*EXERCISE AIM*: Output the lines of the records from the one containing "1. brush (1102,666,1419,1401)" through the last, both ends included. Leave pictures out.

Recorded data
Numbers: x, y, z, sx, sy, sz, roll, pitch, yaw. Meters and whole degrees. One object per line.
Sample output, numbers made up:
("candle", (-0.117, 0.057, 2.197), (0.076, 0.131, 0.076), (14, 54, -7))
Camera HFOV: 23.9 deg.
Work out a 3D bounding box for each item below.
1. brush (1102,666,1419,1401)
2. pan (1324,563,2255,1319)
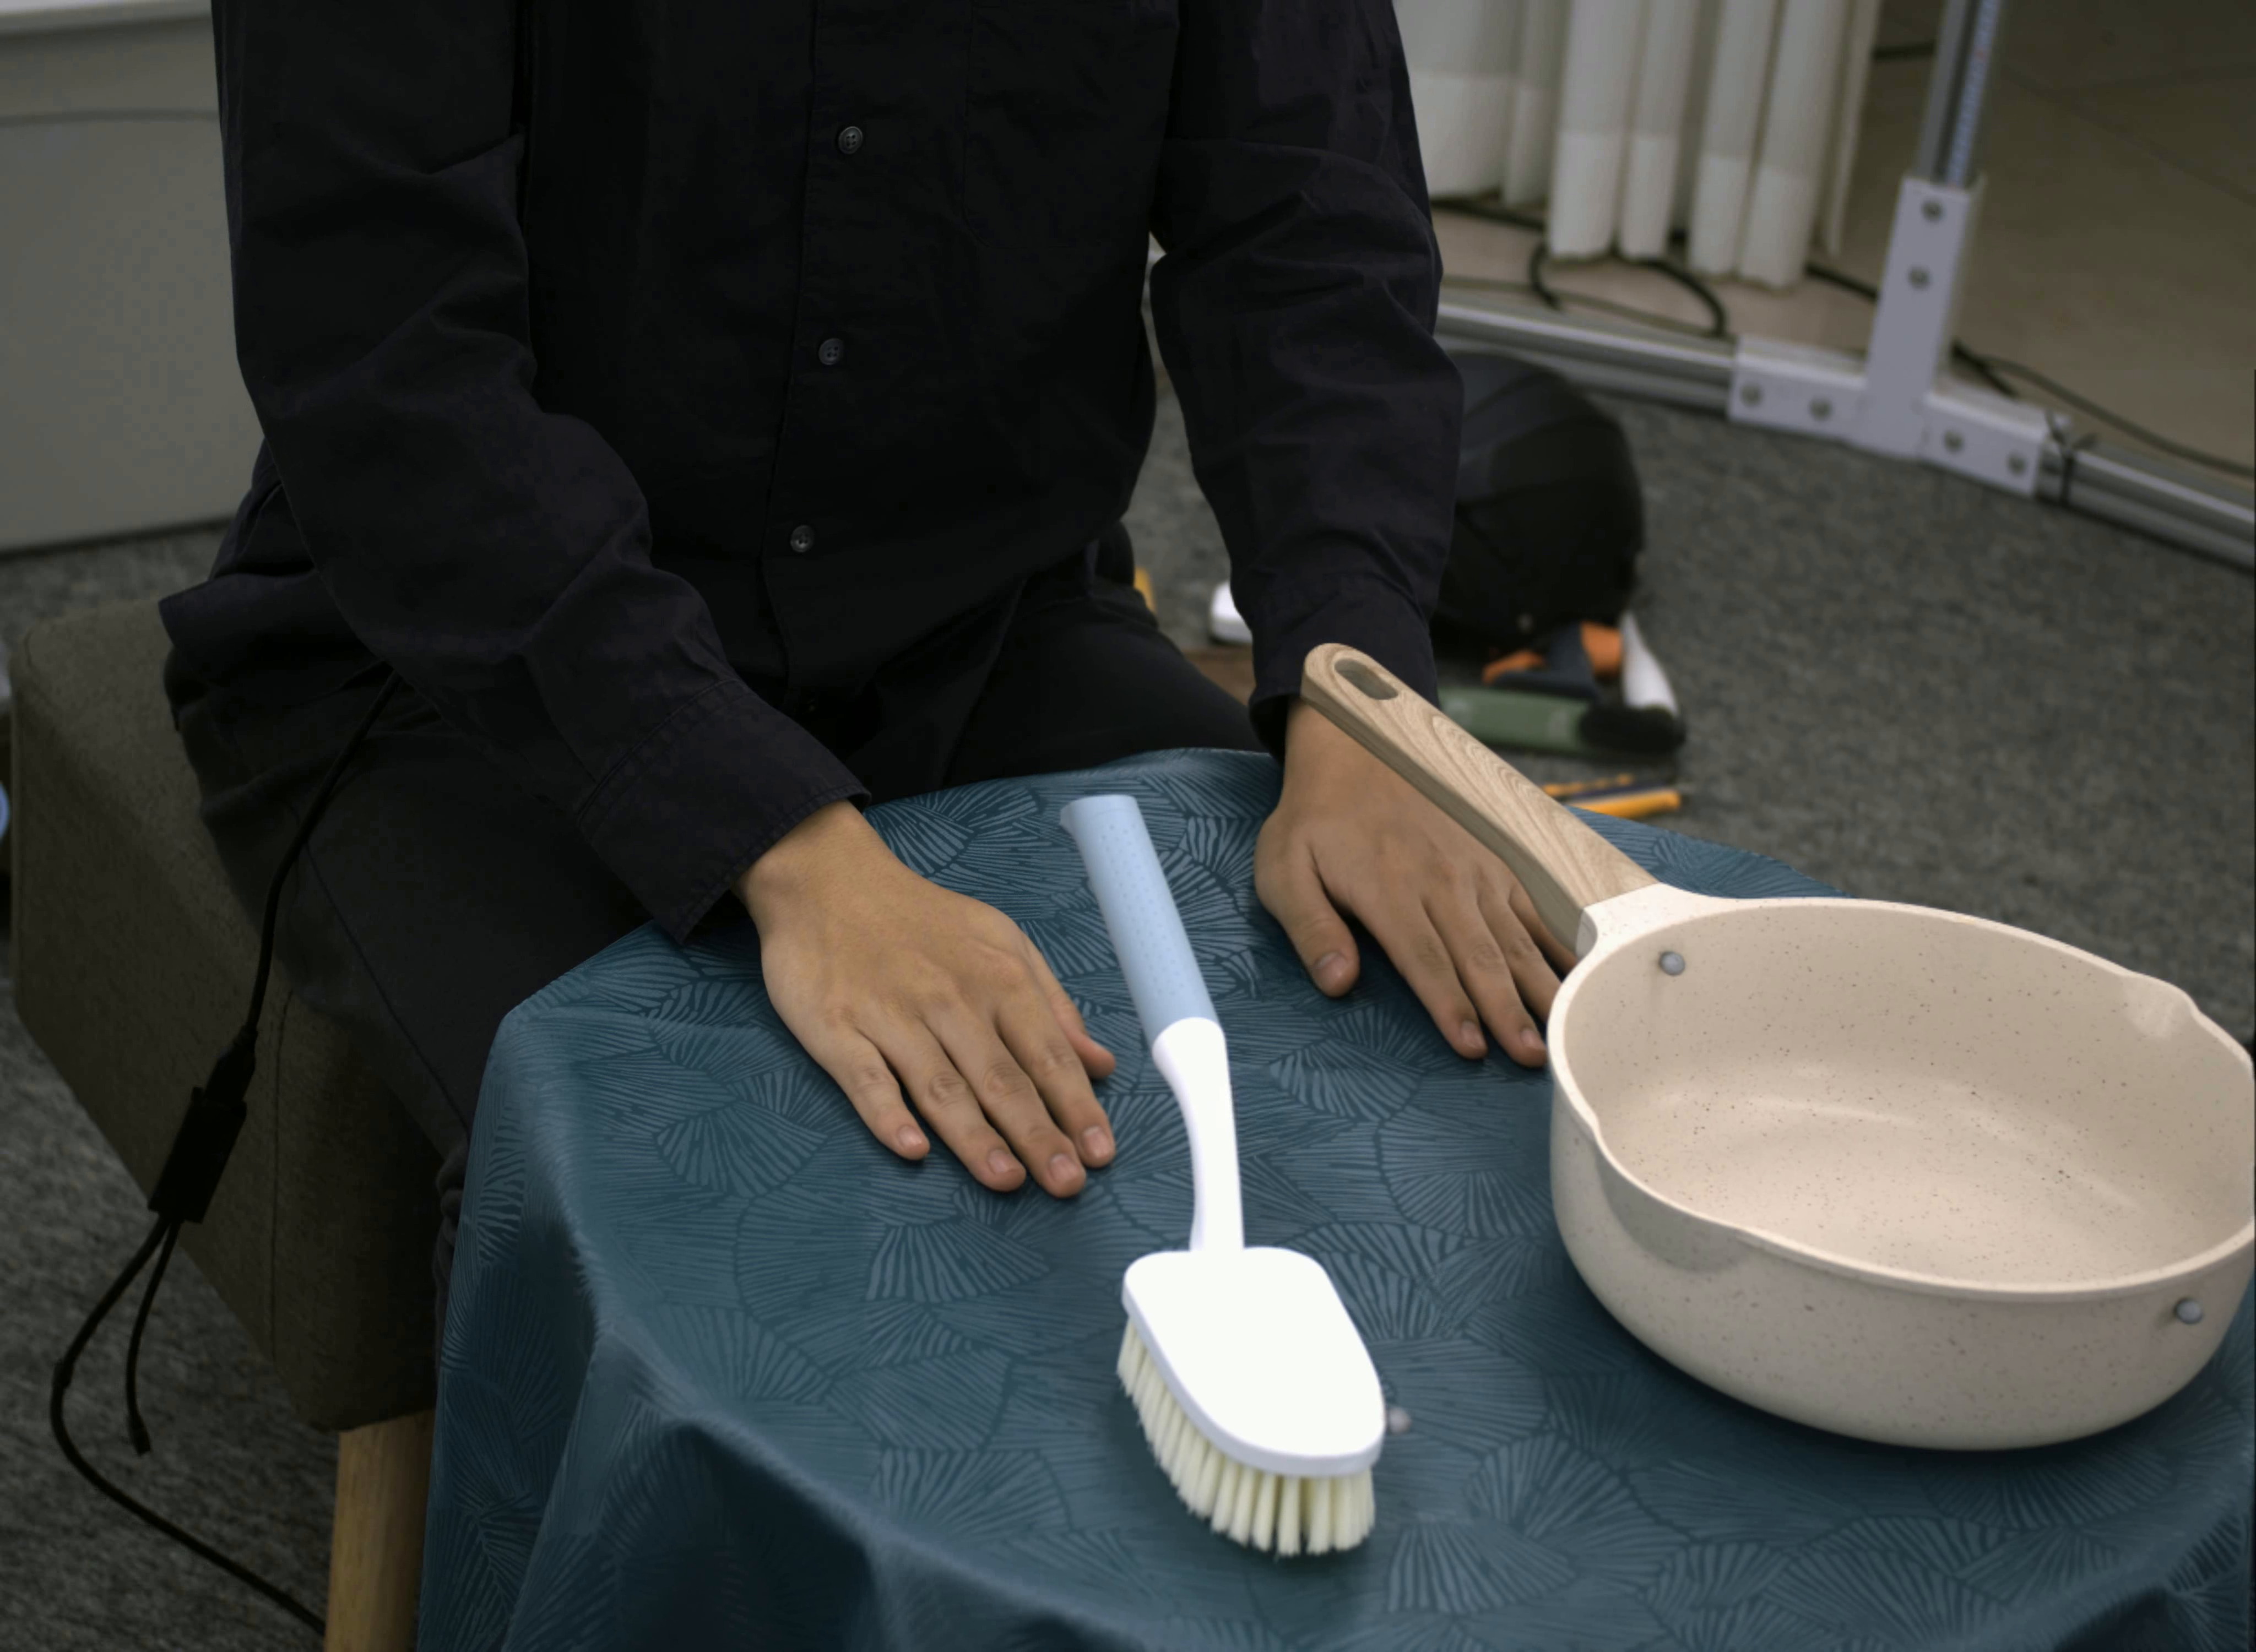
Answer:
("brush", (0.036, 0.076, 1.758), (0.082, 0.084, 0.328), (34, 24, -36))
("pan", (0.218, 0.036, 1.859), (0.262, 0.101, 0.438), (-17, 35, -37))

*SOLUTION TO THE EXERCISE*:
1. brush (1102,666,1419,1401)
2. pan (1324,563,2255,1319)
Answer:
("brush", (0.036, 0.076, 1.758), (0.082, 0.084, 0.328), (34, 24, -36))
("pan", (0.218, 0.036, 1.859), (0.262, 0.101, 0.438), (-17, 35, -37))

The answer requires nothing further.